# About this exercise:
Your answer must be the exact lines from the one holding "And now the sneaker (66,88,351,539), please." through the final line of the records below, both included, and nothing more.
━━━ Record set ━━━
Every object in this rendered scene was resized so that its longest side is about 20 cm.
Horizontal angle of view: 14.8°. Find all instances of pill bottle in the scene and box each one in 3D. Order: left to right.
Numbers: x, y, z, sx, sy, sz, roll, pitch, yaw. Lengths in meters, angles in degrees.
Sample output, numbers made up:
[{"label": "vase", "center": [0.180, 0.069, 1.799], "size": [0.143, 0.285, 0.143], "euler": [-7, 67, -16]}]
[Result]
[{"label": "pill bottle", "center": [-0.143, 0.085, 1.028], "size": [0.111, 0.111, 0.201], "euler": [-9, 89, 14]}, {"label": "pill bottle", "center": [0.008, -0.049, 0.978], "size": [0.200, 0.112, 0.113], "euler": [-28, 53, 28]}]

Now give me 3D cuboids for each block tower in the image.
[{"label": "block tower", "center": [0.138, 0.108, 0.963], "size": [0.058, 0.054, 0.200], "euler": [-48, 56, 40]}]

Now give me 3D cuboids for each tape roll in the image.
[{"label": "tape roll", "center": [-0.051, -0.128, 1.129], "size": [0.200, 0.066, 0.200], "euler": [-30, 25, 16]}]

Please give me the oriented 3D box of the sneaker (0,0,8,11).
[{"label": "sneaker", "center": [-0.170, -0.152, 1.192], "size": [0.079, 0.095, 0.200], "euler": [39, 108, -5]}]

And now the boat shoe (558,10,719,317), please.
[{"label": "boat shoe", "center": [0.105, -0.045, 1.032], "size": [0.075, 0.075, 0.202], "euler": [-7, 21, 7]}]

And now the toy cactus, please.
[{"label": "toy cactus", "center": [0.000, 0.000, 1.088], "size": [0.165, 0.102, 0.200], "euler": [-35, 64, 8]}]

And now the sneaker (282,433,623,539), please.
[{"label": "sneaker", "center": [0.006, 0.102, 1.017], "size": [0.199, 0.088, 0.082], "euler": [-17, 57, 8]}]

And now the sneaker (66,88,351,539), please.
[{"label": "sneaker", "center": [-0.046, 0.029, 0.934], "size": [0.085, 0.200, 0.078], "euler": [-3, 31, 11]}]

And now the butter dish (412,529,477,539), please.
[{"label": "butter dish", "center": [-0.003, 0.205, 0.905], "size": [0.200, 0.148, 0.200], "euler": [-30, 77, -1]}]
━━━
# Completed task:
And now the sneaker (66,88,351,539), please.
[{"label": "sneaker", "center": [-0.046, 0.029, 0.934], "size": [0.085, 0.200, 0.078], "euler": [-3, 31, 11]}]

And now the butter dish (412,529,477,539), please.
[{"label": "butter dish", "center": [-0.003, 0.205, 0.905], "size": [0.200, 0.148, 0.200], "euler": [-30, 77, -1]}]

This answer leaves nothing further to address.